Starting with the science, cross-pollination of the latest insights from complex network theory and nonlinear statistics with the practical features and constraints from the British Aquaculture Industry (BAI) provides a fertile basis for improved understanding of spreading dynamics in general and for fish pathogens in the BAI in particular. Moreover, we provide not just an engine for analytical data and practical risk assessments to inform biosecurity policies, but also an example of the application of interdisciplinary knowledge that benefits both academic and stakeholder communities alike. In the longer term, the methodologies we develop, including network analysis and multi-scale models, will likely also influence epidemiological research (and implementations) in other areas of disease control in livestock (poultry, cattle, pig, sheep), in Britain and beyond.

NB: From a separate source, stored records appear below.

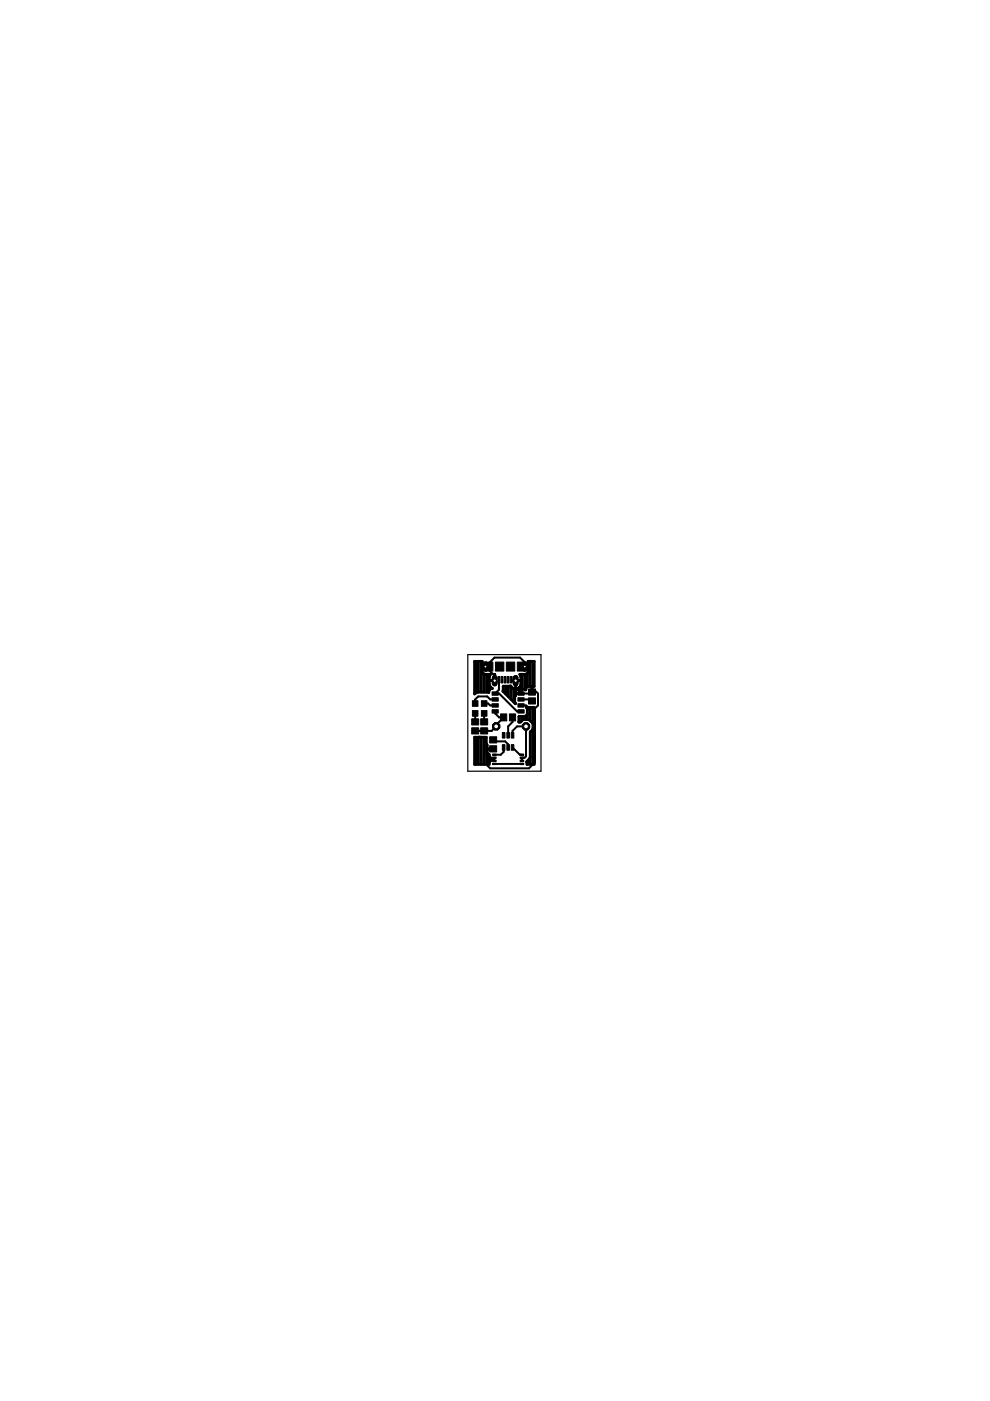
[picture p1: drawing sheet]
<svg xmlns="http://www.w3.org/2000/svg" width="210mm" height="297mm" viewBox="0 0 210 297" stroke-linecap="round" stroke-linejoin="round" font-family="sans-serif">
<g fill="#000" stroke="#000" stroke-width=".21">
<path d="M100 154.3h1.5v1.3h-1.5zM100 152.4h1.5v1.3h-1.5zM100.2 148.6h1.1v1.2h-1.1zM100.2 150.7h1.1v1.1h-1.1zM101.9 154.3h1.5v1.3h-1.5zM101.9 152.4h1.5v1.3h-1.5zM102.1 148.6h1.2v1.2h-1.2zM102.1 150.7h1.2v1.1h-1.2zM102.9 140.4h1.6v1.9h-1.6zM103.8 158.1h1.5v1.3h-1.5zM103.8 156.2h1.5v1.3h-1.5zM104.3 147.9h1.3v.8h-1.3z"/>
<path d="M104.3 146.7h1.3v.7h-1.3zM104.3 149.2h1.3v.7h-1.3zM104.3 150.5h1.3v.7h-1.3zM104.4 159.9h.8v.3h-.8zM105.1 140.4h1.7v1.9h-1.7zM105.6 143.4h.4v1.4h-.4zM106.1 151.4h1.3v1.4h-1.3zM106.3 143.4h.3v1.4h-.3zM106.5 157.9h.6v1.2h-.6zM106.5 155.3h.6v1.2h-.6zM106.9 143.4h.4v1.4h-.4zM107.4 140.4h1.7v1.9h-1.7z"/>
<path d="M107.5 157.9h.5v1.2h-.5zM107.5 155.3h.5v1.2h-.5zM107.5 143.4h.4v1.4h-.4zM108 151.4h1.3v1.4h-1.3zM108.2 143.4h.4v1.4h-.4zM108.4 157.9h.5v1.2h-.5zM108.4 155.3h.5v1.2h-.5zM109.7 140.4h1.6v1.9h-1.6zM109.8 147.9h1.3v.8h-1.3zM109.8 146.7h1.3v.7h-1.3zM109.8 149.2h1.3v.7h-1.3zM109.8 150.5h1.3v.7h-1.3z"/>
<path d="M110.3 159.9h.7v.3h-.7zM112.1 148h1.4v1.3h-1.4zM112.1 146.1h1.4v1.3h-1.4zM104.4 161.8h.8v.3h-.8zM104.4 161.2h.8v.3h-.8zM104.4 160.5h.8v.3h-.8zM110.3 160.5h.7v.3h-.7zM110.3 161.2h.7v.3h-.7zM110.3 161.8h.7v.3h-.7z"/>
<circle cx="105.2" cy="154" r=".83"/>
</g>
<g fill="none" stroke="#000" stroke-width=".42">
<path d="M100.8 151.3v1.8M102.7 149.2h.8l.4 .4h1.1M102.7 151.3v1.8M104.6 156.9l-.4 .3h2.9l.6 .6v.7M104.6 158.8h-1l-.3 .3v1.3l.6 .6M105 148.3h-1.1l-.6-.6h-1.9l-.6 .6v.9M105 150.8v.5l.8 .8h1l-1.6 1.6v.3l-1 1h-3.4M105.8 144.1v2.1l-.8 .8h.8l3.8 3.8h.9M106.8 158.5v.9l-.6 .6h-1.4M108.4 144.1l.2 .2h.7v1.6l1.2 1.1h2l.6-.6h.3l.7 .6v2.6l-.7 .6M108.7 158.5l1.5 1.5h.5M108.7 152.1v1l-1 .9v1.9"/>
<path d="M108.7 155.9v-.9l.9-1h1.9v6.4l-.3 .3h-.5v.6M110.5 149.6h1l.7 .6h1.2M110.5 148.3h2l.3 .3M111.3 141.3v-.9l-1-1h-5.5l-1.9 1.9 2 2v1M113.4 150.2v11.4l-1.2 1.3h-8.3l-.6-.6v-.7l.6-.6M103.9 161h.6l.3-.3v.6M104.8 162h5.9"/>
</g>
<g fill="none" stroke="#000" stroke-width=".61">
<path d="M100.6 156.3h2.5l.2 3.2 .1 .3 .3 .2v2.1h-3.1zM100.9 140.2v6.7M100.9 156.3v5.8M101.4 140.2v6.5M101.4 156.3v5.8M102 140.2v6.5M102 156.3v5.8M102.2 140.2h-1.6v6.9l.6-.4 2.4 .1 .1-.5M102.2 140.2l.1 2.5 .5 .3h1.2l-.3 .4M102.2 140.2v.1M102.6 142.9v3.8M102.6 156.3v5.8"/>
<path d="M103.2 143v3.7M103.2 157.8v4.3M103.3 158.7h1.2l-1.2 .1M103.7 143v.4M103.7 143.4v1.8M103.7 145.2v1.1M103.7 158.7v.1M103.7 145.2l.3 .5 .4 .3-.7 .3M104.3 145.9v.1M104.3 158.7v.1M104.9 143v1.3h-1.2M107.2 145.5v1.6"/>
<path d="M107.8 145.5v2.2M108.4 145.6v2.7M108.9 146v2.8M109.3 149.1v.1M109.5 146.1v.1M110.1 145.8a1.16 1.16 0 0 1-1.8-.4l-1.6 .1-.1 1.1 2.7 2.6M110.1 145.8v.3M110.1 151.9v1.2M110.5 144.3h-1.2v1.8M110.5 146.1v.9h-1.2M110.7 143v3.1M110.7 151.9v.9"/>
<path d="M111.3 143v3.1M111.3 151.9v.6M111.3 151.9h-1.3v1.2h.4l.5-.6h1.2l.9 .9v1.2l-.6 .6v5.3l-.7 .9M111.5 146.2l-1.8-.1-.3 .2-.1 1.2-.2 .3v1l.2 .3M111.5 146.2v.1M111.8 150.3l-.1-.4 1.6 .1v12.1h-1.6v-.5M111.8 142.7v2.9M111.8 149.9v2.6M111.8 151.3l-.1 .3-.4 .3M111.8 145.5l-.3 .4v.4M112 140.2h1.3v5.3h-1.5M112 140.2l-.1 2.5-.5 .3h-1.2l.2 .4 .1 1.6-.4 .8"/>
<path d="M112 140.2v.1M112.4 140.2v5.3M112.4 150v2.8M112.8 145.5v1.2M112.8 146.7h.1M113 140.2v5.3M113 150v3.4M113 154.6v7.5M103.7 160.3a1.34 1.34 0 0 1 0 1.4M103.9 161.3h.1M103.9 160.7h.1M111.7 161.4l.1 .1"/>
<path d="M111.7 161.4v.2M111.7 161.6h.1M111.8 161.4v.7M112.4 160.7v1.4"/>
</g>
<circle cx="105.2" cy="154" r=".51" fill="#fff" stroke="#000" stroke-width=".21"/>
<circle cx="111.5" cy="154" r=".83" fill="#000" stroke="#000" stroke-width=".21"/>
<circle cx="111.5" cy="154" r=".51" fill="#fff" stroke="#000" stroke-width=".21"/>
<path d="M111.3 140.8v1.1" fill="none" stroke="#000" stroke-width="1.1"/>
<circle cx="111.3" cy="141.3" r=".3" fill="#fff" stroke="#000" stroke-width=".21"/>
<path d="M102.9 140.8v1.1" fill="none" stroke="#000" stroke-width="1.1"/>
<circle cx="102.9" cy="141.3" r=".3" fill="#fff" stroke="#000" stroke-width=".21"/>
<path d="M104.9 143.7v1.2" fill="none" stroke="#000" stroke-width="1.2"/>
<circle cx="104.9" cy="144.3" r=".36" fill="#fff" stroke="#000" stroke-width=".21"/>
<path d="M109.3 143.7v1.2" fill="none" stroke="#000" stroke-width="1.2"/>
<circle cx="109.3" cy="144.3" r=".36" fill="#fff" stroke="#000" stroke-width=".21"/>
<circle cx="105.2" cy="154" r=".83" fill="#000" stroke="#000" stroke-width=".21"/>
<circle cx="105.2" cy="154" r=".51" fill="#fff" stroke="#000" stroke-width=".21"/>
<circle cx="111.5" cy="154" r=".83" fill="#000" stroke="#000" stroke-width=".21"/>
<circle cx="111.5" cy="154" r=".51" fill="#fff" stroke="#000" stroke-width=".21"/>
<path d="M111.3 140.8v1.1" fill="none" stroke="#000" stroke-width="1.1"/>
<circle cx="111.3" cy="141.3" r=".3" fill="#fff" stroke="#000" stroke-width=".21"/>
<path d="M102.9 140.8v1.1" fill="none" stroke="#000" stroke-width="1.1"/>
<circle cx="102.9" cy="141.3" r=".3" fill="#fff" stroke="#000" stroke-width=".21"/>
<path d="M104.9 143.7v1.2" fill="none" stroke="#000" stroke-width="1.2"/>
<circle cx="104.9" cy="144.3" r=".36" fill="#fff" stroke="#000" stroke-width=".21"/>
<path d="M109.3 143.7v1.2" fill="none" stroke="#000" stroke-width="1.2"/>
<circle cx="109.3" cy="144.3" r=".36" fill="#fff" stroke="#000" stroke-width=".21"/>
<path d="M99.2 138.8h15.5v24.7h-15.5z" fill="none" stroke="#000" stroke-width=".25"/>
</svg>

The two collaborating government institutions represent our bridge to the BAI, and constitute direct liaisons to government-backed implementation of our findings. At the same time, we provide a bridge for them, as this is the first time that BAI network data for the whole of Britain will be combined. Through our discussions and meetings and a joint approach to studying and controlling fish pathogens - which do not respect national borders - we hope to foster increased exchange in communication of network data, the most effective policies, and early-warning whenever a new outbreak occurs. Furthermore, we generate a system able to assess the likelihoods of epidemic scenarios, yielding a comprehensive, quantitative, statistically robust basis upon which to make decisions on the types, extent, and duration of controls, producing optimised and cost-effective measures. It it is hoped that its usage and outputs may provide additional inputs for discussion between experts on both sides of the English/Scottish border.

These benefits naturally extend to other industry stakeholders and society as a whole. More (cost-) effective and targeted biosecurity measures make strategies for outbreak containment and mitigation more robust and efficient. This will positively impact not just animal welfare and productivity, but also the economic viability of the fish farming industry. As outbreaks of major infectious diseases in the BAI could have huge economic costs, prevention and effective mitigation represents a significant economic saving, one that may also be passed on to consumers in the price of fish. Additionally, since farmed fish can also act as a source for infecting wild fish, and the size and importance of this food industry is growing, there are additional benefits to the natural world, which are however, much harder to quantify.

Finally, the long-term future of the industry cannot ignore the effects of a warming climate. Water temperature directly affects many important fish pathogens' potential for harm, and although this has been studied in vitro, the actual outbreak dynamics resulting from the highly complex interplay of seasonality, weather fluctuations, and the gradual increase in the baseline temperature over the next few decades in Britain has to our knowledge never been adequately investigated using real-world data. A better understanding of this increased potential for large, devastating outbreaks may very well prove crucial for the industry, and yield both purely scientific and more generally relevant insights, that beckon to be investigated.